### YOUR INSTRUCTIONS
Each record below should be returned exactly, with its pictures left out.

### DATA FOR THE TASK
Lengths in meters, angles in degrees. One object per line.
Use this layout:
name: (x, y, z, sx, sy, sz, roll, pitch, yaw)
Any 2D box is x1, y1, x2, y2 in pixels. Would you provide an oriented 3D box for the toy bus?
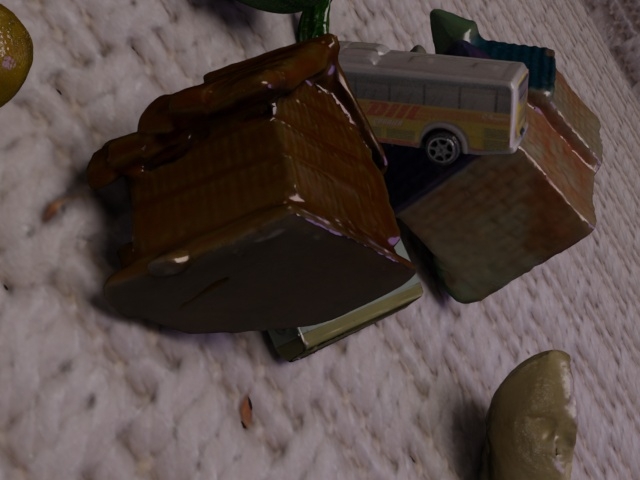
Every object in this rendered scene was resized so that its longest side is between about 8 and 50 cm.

### RESPONSE TO THE TASK
Lengths in meters, angles in degrees. One object per line.
Use this layout:
name: (x, y, z, sx, sy, sz, roll, pitch, yaw)
Any 2D box is x1, y1, x2, y2 in pixels. Would you provide an oriented 3D box for the toy bus?
Every object in this rendered scene was resized so that its longest side is between about 8 and 50 cm.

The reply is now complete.